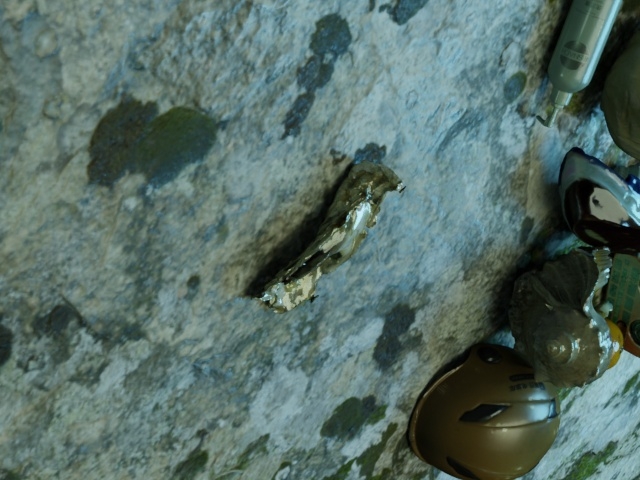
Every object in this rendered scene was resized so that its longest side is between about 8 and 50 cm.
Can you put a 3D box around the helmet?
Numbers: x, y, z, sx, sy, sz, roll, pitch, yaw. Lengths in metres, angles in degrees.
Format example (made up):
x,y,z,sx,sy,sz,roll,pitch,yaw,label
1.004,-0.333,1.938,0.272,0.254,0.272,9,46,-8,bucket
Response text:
x,y,z,sx,sy,sz,roll,pitch,yaw,label
0.238,0.245,1.924,0.224,0.130,0.198,-7,119,-44,helmet

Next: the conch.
x,y,z,sx,sy,sz,roll,pitch,yaw,label
0.336,0.093,1.893,0.245,0.163,0.178,-19,143,-60,conch

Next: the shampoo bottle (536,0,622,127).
x,y,z,sx,sy,sz,roll,pitch,yaw,label
0.305,-0.222,1.702,0.056,0.056,0.195,-5,120,-46,shampoo bottle

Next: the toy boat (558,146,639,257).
x,y,z,sx,sy,sz,roll,pitch,yaw,label
0.383,-0.058,1.881,0.262,0.114,0.115,23,65,-55,toy boat

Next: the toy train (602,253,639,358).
x,y,z,sx,sy,sz,roll,pitch,yaw,label
0.468,0.077,2.075,0.072,0.099,0.188,-27,134,-36,toy train

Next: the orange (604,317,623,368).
x,y,z,sx,sy,sz,roll,pitch,yaw,label
0.396,0.149,2.066,0.083,0.083,0.084,-28,135,-32,orange

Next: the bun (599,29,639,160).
x,y,z,sx,sy,sz,roll,pitch,yaw,label
0.411,-0.184,1.800,0.173,0.113,0.167,-66,154,-25,bun

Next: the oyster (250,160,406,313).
x,y,z,sx,sy,sz,roll,pitch,yaw,label
0.001,0.003,1.557,0.200,0.061,0.106,-40,158,-16,oyster
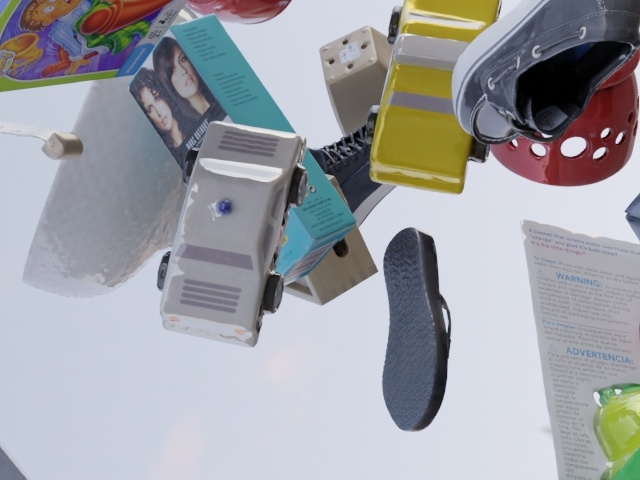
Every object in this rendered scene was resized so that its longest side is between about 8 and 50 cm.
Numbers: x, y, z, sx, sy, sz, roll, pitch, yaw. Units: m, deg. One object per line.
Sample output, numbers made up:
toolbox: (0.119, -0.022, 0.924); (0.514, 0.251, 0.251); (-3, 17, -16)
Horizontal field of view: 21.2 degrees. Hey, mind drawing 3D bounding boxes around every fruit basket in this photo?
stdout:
fruit basket: (0.313, 0.151, 1.301); (0.353, 0.327, 0.165); (-96, 22, -45)

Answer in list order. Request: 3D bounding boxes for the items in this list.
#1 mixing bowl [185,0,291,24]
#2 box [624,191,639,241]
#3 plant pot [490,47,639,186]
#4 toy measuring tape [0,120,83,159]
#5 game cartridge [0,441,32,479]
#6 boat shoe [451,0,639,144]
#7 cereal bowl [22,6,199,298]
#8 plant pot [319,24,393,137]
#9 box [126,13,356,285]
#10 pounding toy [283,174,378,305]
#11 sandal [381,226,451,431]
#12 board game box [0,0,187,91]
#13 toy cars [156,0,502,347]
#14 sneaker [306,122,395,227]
mixing bowl: (-0.123, -0.339, 2.082); (0.098, 0.181, 0.181); (-35, -56, -52)
box: (0.303, 0.002, 1.027); (0.183, 0.059, 0.233); (-48, -57, -12)
plant pot: (0.303, -0.187, 2.124); (0.174, 0.191, 0.191); (88, -156, -44)
toy measuring tape: (-0.369, -0.065, 1.547); (0.121, 0.330, 0.121); (10, -90, -69)
game cartridge: (-0.403, 0.269, 1.518); (0.297, 0.062, 0.198); (-39, -88, -9)
boat shoe: (0.150, -0.106, 1.130); (0.080, 0.228, 0.076); (9, -115, -20)
cereal bowl: (-0.191, -0.090, 1.809); (0.339, 0.141, 0.339); (-159, 90, -85)
plant pot: (0.054, -0.205, 2.163); (0.096, 0.109, 0.109); (50, -158, -44)
box: (-0.075, -0.081, 1.585); (0.060, 0.100, 0.244); (-24, -106, -42)
pounding toy: (0.000, 0.000, 1.741); (0.100, 0.130, 0.141); (-31, -72, -17)
sandal: (0.120, 0.099, 1.963); (0.054, 0.097, 0.254); (22, -126, -30)
board game box: (-0.150, -0.266, 1.326); (0.347, 0.078, 0.233); (-50, -18, 30)
toy cars: (0.010, -0.078, 1.379); (0.393, 0.176, 0.087); (-36, -20, -7)
sneaker: (0.016, -0.108, 2.068); (0.163, 0.086, 0.226); (28, -73, -31)
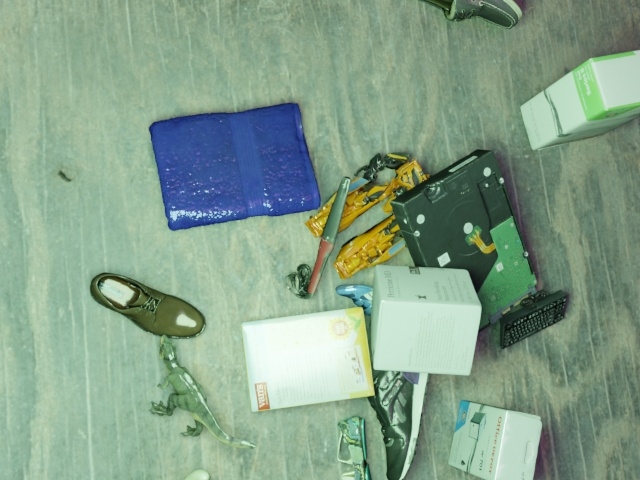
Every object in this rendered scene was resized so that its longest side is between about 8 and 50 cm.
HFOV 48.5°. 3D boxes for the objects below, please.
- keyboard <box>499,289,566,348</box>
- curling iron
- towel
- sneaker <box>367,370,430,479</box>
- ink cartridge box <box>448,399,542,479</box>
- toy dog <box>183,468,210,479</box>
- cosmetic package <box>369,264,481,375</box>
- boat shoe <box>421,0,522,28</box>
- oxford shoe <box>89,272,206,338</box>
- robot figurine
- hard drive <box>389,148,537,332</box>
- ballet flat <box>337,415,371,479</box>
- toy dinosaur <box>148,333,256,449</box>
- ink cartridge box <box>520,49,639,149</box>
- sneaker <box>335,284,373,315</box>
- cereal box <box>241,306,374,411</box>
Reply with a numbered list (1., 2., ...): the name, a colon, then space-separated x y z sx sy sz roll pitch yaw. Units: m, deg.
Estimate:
1. keyboard: 0.456 0.160 1.522 0.180 0.023 0.108 -21 119 -24
2. curling iron: 0.000 0.000 1.368 0.068 0.035 0.274 29 116 11
3. towel: -0.168 -0.144 1.404 0.308 0.076 0.228 -9 79 -16
4. sneaker: 0.141 0.333 1.424 0.124 0.107 0.284 10 78 5
5. ink cartridge box: 0.342 0.399 1.407 0.082 0.190 0.140 16 79 -13
6. toy dog: -0.227 0.591 1.116 0.284 0.408 0.395 35 76 -9
7. cosmetic package: 0.192 0.148 1.347 0.183 0.151 0.152 4 114 -1
8. boat shoe: 0.303 -0.528 1.565 0.285 0.103 0.092 26 82 -7
9. oxford shoe: -0.318 0.125 1.314 0.227 0.096 0.083 22 76 -13
10. robot figurine: 0.126 -0.057 1.461 0.291 0.085 0.211 -35 94 -16
11. hard drive: 0.302 0.015 1.460 0.236 0.064 0.339 -32 111 -16
12. ballet flat: 0.067 0.443 1.402 0.070 0.070 0.189 -5 83 -16
13. toy dinosaur: -0.240 0.304 1.303 0.268 0.118 0.064 49 31 8
14. ink cartridge box: 0.589 -0.298 1.521 0.198 0.273 0.115 -13 84 -17
15. sneaker: 0.098 0.124 1.448 0.144 0.053 0.059 15 82 -12
16. cereal box: -0.025 0.228 1.377 0.240 0.047 0.173 -7 84 -1
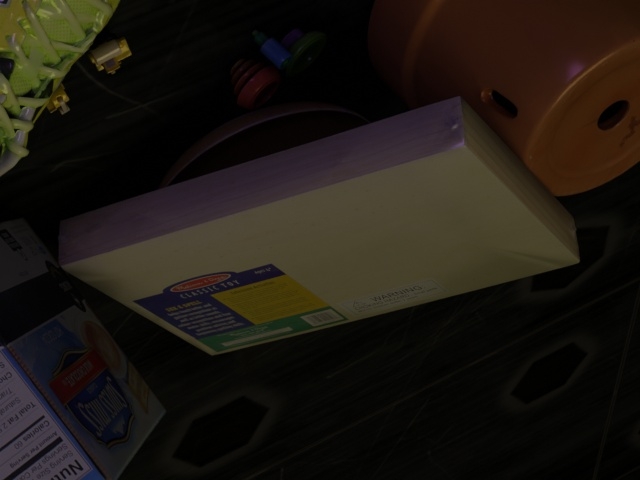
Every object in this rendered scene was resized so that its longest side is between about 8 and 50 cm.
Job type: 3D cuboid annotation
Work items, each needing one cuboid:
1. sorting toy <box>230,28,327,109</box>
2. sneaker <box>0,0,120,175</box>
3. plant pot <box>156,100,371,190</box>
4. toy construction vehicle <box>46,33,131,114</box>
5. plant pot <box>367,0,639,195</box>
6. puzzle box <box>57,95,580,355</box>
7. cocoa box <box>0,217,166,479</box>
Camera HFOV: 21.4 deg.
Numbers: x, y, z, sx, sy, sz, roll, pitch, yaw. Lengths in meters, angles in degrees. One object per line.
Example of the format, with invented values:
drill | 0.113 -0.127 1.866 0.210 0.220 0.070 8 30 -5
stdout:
sorting toy | -0.044 -0.164 1.515 0.102 0.042 0.061 -42 166 -13
sneaker | -0.235 -0.133 1.262 0.384 0.147 0.145 -45 146 12
plant pot | -0.057 -0.060 1.612 0.236 0.032 0.236 -21 153 -11
toy construction vehicle | -0.188 -0.133 1.360 0.086 0.035 0.098 -30 -167 -11
plant pot | 0.218 -0.181 1.577 0.291 0.203 0.291 -24 146 -18
puzzle box | 0.000 0.000 1.557 0.409 0.052 0.272 -15 152 23
cocoa box | -0.293 0.144 1.361 0.231 0.228 0.347 -38 -178 3
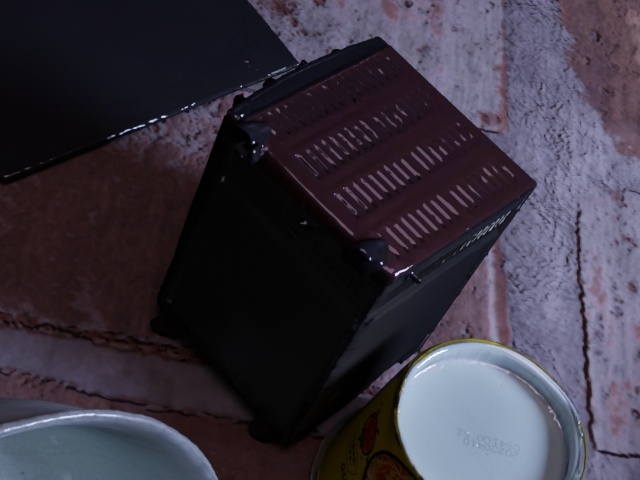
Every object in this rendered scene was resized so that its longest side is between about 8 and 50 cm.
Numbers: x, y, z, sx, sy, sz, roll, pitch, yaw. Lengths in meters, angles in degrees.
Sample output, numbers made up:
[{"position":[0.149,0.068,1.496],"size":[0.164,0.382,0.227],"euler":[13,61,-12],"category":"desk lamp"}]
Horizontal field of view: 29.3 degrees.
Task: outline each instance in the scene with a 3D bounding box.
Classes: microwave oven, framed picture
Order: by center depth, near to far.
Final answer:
[{"position":[0.002,0.000,0.912],"size":[0.188,0.247,0.178],"euler":[44,50,13],"category":"microwave oven"},{"position":[-0.212,-0.196,1.127],"size":[0.324,0.013,0.244],"euler":[-27,67,-33],"category":"framed picture"}]

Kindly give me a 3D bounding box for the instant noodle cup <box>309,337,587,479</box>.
[{"position":[0.096,0.164,0.885],"size":[0.182,0.144,0.182],"euler":[9,53,-13],"category":"instant noodle cup"}]

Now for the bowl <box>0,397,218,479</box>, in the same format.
[{"position":[-0.219,0.190,0.689],"size":[0.313,0.313,0.146],"euler":[-26,46,-33],"category":"bowl"}]
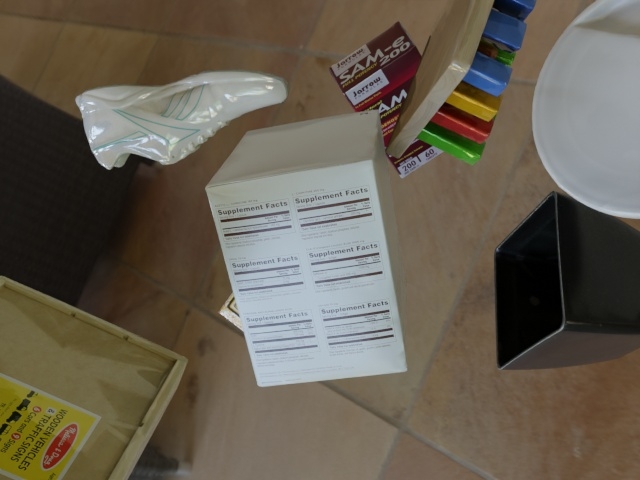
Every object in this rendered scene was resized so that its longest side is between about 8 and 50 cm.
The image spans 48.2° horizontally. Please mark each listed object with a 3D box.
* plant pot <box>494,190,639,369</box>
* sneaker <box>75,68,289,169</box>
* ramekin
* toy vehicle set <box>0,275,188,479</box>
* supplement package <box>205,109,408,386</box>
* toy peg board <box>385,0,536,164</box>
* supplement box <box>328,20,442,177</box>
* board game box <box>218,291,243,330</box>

## Problem
Restate the lines of the records exactly, starting at the first and stopping after the line with "#13 toy cars [156,0,502,347]". Leave out any picture.

## Result of the exercise
Every object in this rendered scene was resized so that its longest side is between about 8 and 50 cm.
Can you put a 3D box around the helmet?
Numbers: x, y, z, sx, sy, sz, roll, pitch, yaw. Lengths in metres, angles in degrees.
Format example (made up):
x,y,z,sx,sy,sz,roll,pitch,yaw,label
1.004,-0.333,1.938,0.272,0.254,0.272,9,46,-8,bucket
Response text:
x,y,z,sx,sy,sz,roll,pitch,yaw,label
0.238,0.245,1.924,0.224,0.130,0.198,-7,119,-44,helmet

Next: the conch.
x,y,z,sx,sy,sz,roll,pitch,yaw,label
0.336,0.093,1.893,0.245,0.163,0.178,-19,143,-60,conch

Next: the shampoo bottle (536,0,622,127).
x,y,z,sx,sy,sz,roll,pitch,yaw,label
0.305,-0.222,1.702,0.056,0.056,0.195,-5,120,-46,shampoo bottle

Next: the toy boat (558,146,639,257).
x,y,z,sx,sy,sz,roll,pitch,yaw,label
0.383,-0.058,1.881,0.262,0.114,0.115,23,65,-55,toy boat

Next: the toy train (602,253,639,358).
x,y,z,sx,sy,sz,roll,pitch,yaw,label
0.468,0.077,2.075,0.072,0.099,0.188,-27,134,-36,toy train

Next: the orange (604,317,623,368).
x,y,z,sx,sy,sz,roll,pitch,yaw,label
0.396,0.149,2.066,0.083,0.083,0.084,-28,135,-32,orange

Next: the bun (599,29,639,160).
x,y,z,sx,sy,sz,roll,pitch,yaw,label
0.411,-0.184,1.800,0.173,0.113,0.167,-66,154,-25,bun

Next: the oyster (250,160,406,313).
x,y,z,sx,sy,sz,roll,pitch,yaw,label
0.001,0.003,1.557,0.200,0.061,0.106,-40,158,-16,oyster
Every object in this rendered scene was resized so that its longest side is between about 8 and 50 cm.
Numbers: x, y, z, sx, sy, sz, roll, pitch, yaw. Units: m, deg. One object per line.
Sample output, numbers made up:
toolbox: (0.119, -0.022, 0.924); (0.514, 0.251, 0.251); (-3, 17, -16)
Horizontal field of view: 21.2 degrees. Hey, mind drawing 3D bounding boxes around every fruit basket in this photo?
stdout:
fruit basket: (0.313, 0.151, 1.301); (0.353, 0.327, 0.165); (-96, 22, -45)

Answer in list order. Request: 3D bounding boxes for the items in this list.
#1 mixing bowl [185,0,291,24]
#2 box [624,191,639,241]
#3 plant pot [490,47,639,186]
#4 toy measuring tape [0,120,83,159]
#5 game cartridge [0,441,32,479]
#6 boat shoe [451,0,639,144]
#7 cereal bowl [22,6,199,298]
#8 plant pot [319,24,393,137]
#9 box [126,13,356,285]
#10 pounding toy [283,174,378,305]
#11 sandal [381,226,451,431]
#12 board game box [0,0,187,91]
#13 toy cars [156,0,502,347]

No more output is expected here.